Which lines of the entries below hold the word "quot"? Report each of them.
BEGIN The records
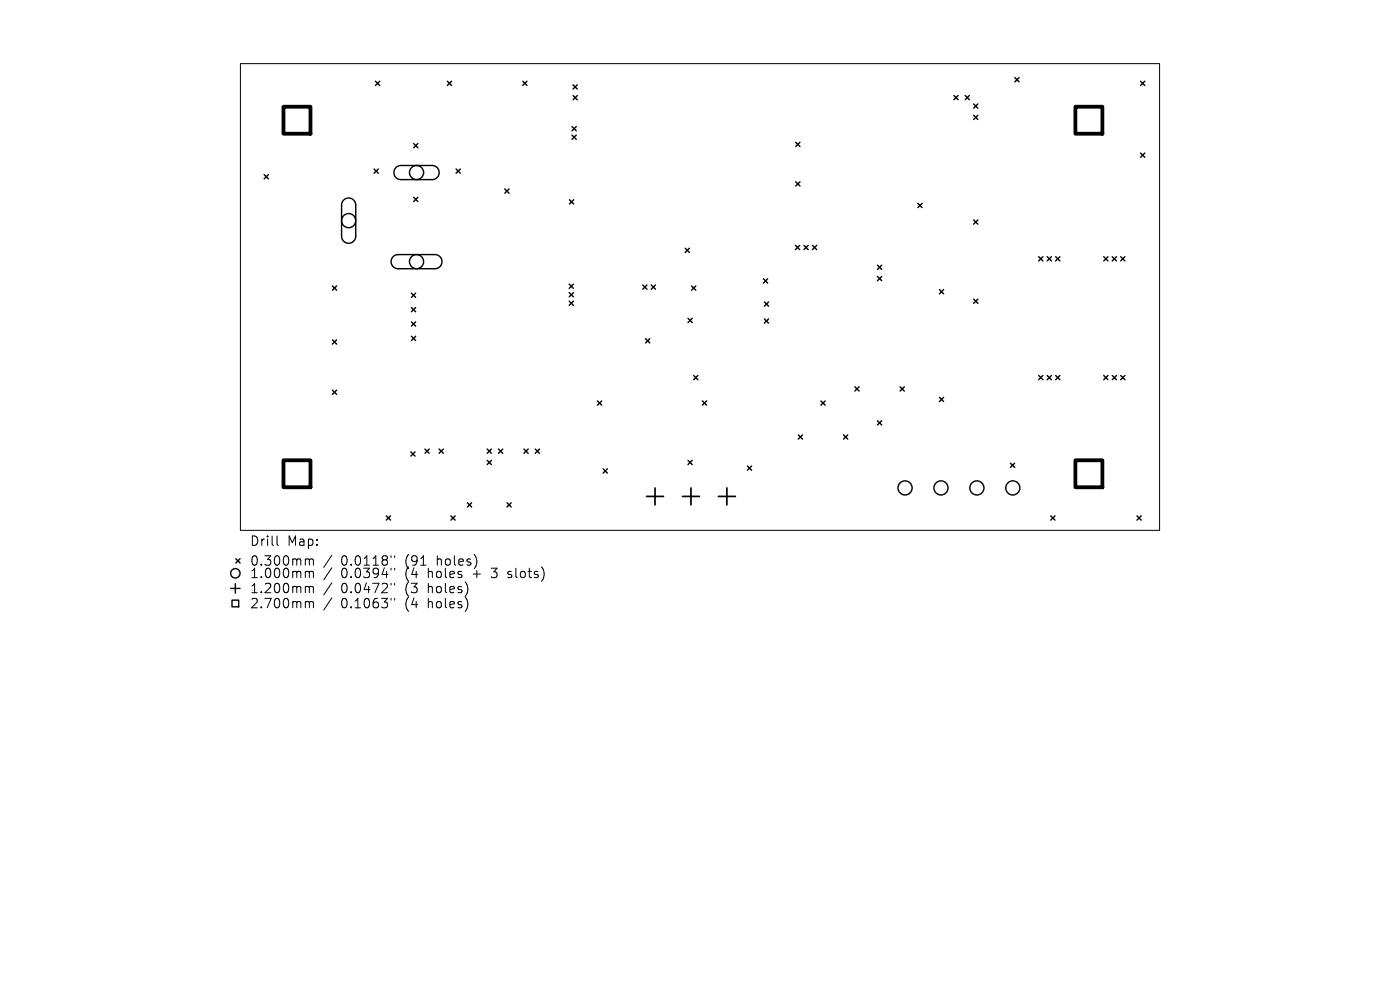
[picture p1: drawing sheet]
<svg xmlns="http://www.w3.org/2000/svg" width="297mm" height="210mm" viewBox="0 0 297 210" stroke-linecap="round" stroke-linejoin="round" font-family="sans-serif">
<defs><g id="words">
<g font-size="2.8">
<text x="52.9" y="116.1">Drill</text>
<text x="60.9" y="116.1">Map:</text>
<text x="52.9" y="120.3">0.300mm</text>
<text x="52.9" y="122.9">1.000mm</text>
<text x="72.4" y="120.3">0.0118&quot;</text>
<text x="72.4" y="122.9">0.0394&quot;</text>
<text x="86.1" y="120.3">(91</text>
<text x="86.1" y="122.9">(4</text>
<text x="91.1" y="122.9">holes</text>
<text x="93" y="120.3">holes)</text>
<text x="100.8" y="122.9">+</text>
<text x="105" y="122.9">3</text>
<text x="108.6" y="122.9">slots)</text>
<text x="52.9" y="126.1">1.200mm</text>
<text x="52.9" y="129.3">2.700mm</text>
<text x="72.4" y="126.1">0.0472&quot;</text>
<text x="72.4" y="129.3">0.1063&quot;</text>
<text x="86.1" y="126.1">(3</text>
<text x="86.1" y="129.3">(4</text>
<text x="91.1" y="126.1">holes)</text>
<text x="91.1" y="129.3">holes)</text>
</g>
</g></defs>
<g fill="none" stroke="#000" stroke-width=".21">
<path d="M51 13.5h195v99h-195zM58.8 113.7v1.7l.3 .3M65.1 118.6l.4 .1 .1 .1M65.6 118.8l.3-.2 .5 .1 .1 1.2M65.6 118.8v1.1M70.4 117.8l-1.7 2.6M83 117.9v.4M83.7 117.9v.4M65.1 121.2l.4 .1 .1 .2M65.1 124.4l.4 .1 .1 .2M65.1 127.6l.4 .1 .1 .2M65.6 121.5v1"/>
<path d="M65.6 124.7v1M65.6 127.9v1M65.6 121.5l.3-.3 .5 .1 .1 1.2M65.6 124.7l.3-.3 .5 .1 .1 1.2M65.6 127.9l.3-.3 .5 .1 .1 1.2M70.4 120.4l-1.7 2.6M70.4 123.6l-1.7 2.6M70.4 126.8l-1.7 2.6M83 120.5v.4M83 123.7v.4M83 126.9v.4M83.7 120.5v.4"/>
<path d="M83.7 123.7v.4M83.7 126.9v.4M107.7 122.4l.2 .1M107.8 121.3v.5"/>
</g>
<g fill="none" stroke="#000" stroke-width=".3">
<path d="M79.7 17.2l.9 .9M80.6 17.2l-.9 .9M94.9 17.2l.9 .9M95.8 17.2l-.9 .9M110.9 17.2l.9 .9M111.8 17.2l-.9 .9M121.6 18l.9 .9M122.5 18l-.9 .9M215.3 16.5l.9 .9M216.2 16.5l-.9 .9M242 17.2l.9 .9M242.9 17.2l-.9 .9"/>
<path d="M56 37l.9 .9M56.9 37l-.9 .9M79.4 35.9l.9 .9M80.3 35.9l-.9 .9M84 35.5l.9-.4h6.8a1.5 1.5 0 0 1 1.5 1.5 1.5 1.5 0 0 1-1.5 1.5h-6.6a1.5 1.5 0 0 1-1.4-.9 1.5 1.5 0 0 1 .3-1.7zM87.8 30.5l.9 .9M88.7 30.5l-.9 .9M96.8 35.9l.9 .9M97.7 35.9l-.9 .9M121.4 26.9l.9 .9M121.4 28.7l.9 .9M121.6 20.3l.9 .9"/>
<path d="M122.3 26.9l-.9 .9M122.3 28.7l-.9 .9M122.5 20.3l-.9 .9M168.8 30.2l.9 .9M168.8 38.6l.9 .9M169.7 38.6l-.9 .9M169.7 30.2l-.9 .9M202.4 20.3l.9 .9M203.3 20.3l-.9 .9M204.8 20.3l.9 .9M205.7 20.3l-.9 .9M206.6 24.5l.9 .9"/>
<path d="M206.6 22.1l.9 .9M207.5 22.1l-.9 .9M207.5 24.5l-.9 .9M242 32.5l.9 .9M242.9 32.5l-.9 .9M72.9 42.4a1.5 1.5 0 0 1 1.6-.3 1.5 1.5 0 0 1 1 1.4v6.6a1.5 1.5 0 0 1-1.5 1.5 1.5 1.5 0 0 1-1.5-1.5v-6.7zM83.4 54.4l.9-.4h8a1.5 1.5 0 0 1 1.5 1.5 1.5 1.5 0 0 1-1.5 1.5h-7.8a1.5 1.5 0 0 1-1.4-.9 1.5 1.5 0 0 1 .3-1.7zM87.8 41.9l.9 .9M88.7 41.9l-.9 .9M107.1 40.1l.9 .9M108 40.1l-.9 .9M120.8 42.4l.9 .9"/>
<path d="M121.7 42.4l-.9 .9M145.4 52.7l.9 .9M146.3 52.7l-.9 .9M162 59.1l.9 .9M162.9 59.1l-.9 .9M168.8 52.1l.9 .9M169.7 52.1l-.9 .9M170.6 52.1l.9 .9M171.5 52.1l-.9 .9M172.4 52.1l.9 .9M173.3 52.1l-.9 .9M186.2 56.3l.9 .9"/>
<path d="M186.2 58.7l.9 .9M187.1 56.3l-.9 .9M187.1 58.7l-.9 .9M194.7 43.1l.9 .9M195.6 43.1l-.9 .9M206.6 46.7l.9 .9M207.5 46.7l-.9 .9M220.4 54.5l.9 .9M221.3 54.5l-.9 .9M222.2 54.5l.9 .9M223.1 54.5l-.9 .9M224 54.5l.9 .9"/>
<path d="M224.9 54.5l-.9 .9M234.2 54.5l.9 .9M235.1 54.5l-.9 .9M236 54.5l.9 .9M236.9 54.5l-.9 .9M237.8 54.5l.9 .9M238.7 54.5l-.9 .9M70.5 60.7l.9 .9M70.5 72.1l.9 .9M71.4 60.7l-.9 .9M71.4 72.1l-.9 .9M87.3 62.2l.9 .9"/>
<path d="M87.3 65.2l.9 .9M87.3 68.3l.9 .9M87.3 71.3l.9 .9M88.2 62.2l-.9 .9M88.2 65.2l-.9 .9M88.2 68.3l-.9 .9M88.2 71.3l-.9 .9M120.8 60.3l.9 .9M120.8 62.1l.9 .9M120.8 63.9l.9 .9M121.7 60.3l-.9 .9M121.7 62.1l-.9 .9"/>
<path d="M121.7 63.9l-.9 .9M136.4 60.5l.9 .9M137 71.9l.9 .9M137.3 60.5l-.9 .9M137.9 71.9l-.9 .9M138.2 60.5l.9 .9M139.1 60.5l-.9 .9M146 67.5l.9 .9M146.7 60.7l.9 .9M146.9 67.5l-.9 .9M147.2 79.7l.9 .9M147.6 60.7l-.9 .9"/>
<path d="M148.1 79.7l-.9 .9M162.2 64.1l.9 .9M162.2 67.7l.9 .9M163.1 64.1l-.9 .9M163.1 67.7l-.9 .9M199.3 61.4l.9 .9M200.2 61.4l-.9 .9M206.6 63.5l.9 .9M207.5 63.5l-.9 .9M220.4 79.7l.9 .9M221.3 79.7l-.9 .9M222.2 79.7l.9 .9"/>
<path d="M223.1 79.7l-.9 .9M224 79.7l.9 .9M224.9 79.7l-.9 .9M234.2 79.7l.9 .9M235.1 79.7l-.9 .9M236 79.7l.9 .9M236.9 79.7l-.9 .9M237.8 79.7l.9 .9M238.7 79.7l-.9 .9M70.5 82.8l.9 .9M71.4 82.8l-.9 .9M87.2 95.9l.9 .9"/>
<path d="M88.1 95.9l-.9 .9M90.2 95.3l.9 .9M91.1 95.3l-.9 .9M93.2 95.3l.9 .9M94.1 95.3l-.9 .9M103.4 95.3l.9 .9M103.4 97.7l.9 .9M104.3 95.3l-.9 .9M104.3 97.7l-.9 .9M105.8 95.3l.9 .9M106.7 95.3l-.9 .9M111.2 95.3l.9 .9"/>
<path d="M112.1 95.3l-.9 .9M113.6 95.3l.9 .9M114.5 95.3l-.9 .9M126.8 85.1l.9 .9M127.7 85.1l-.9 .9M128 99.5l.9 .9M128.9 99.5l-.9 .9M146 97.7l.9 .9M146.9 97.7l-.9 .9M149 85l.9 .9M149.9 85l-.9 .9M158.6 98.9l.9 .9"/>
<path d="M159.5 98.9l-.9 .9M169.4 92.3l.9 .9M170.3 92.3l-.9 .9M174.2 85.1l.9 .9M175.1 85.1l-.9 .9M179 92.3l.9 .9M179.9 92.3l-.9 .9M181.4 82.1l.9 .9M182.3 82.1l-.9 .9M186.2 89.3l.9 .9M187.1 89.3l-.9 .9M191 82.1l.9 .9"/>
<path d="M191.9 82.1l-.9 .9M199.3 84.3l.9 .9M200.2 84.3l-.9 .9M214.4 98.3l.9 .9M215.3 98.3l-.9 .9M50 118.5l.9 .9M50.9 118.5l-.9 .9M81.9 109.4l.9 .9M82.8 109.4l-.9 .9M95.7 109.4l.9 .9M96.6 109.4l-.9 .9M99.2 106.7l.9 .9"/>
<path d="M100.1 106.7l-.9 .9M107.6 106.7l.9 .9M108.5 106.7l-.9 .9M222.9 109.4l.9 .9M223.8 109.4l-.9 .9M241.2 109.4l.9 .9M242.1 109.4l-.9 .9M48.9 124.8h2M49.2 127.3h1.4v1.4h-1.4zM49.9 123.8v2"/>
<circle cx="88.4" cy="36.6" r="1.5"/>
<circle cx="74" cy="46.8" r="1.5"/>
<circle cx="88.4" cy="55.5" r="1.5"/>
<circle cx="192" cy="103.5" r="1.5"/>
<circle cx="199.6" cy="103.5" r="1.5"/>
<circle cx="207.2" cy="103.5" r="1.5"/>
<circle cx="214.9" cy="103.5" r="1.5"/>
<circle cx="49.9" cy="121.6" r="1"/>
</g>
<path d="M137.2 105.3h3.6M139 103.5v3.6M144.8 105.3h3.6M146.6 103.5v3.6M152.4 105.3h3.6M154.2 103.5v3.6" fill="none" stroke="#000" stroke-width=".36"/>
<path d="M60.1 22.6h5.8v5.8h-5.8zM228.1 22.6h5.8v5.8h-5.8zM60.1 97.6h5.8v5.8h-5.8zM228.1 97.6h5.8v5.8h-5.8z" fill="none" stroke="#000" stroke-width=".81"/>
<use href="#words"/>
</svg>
END The records
> Reply
<text x="72.4" y="120.3">0.0118&quot;</text>
<text x="72.4" y="122.9">0.0394&quot;</text>
<text x="72.4" y="126.1">0.0472&quot;</text>
<text x="72.4" y="129.3">0.1063&quot;</text>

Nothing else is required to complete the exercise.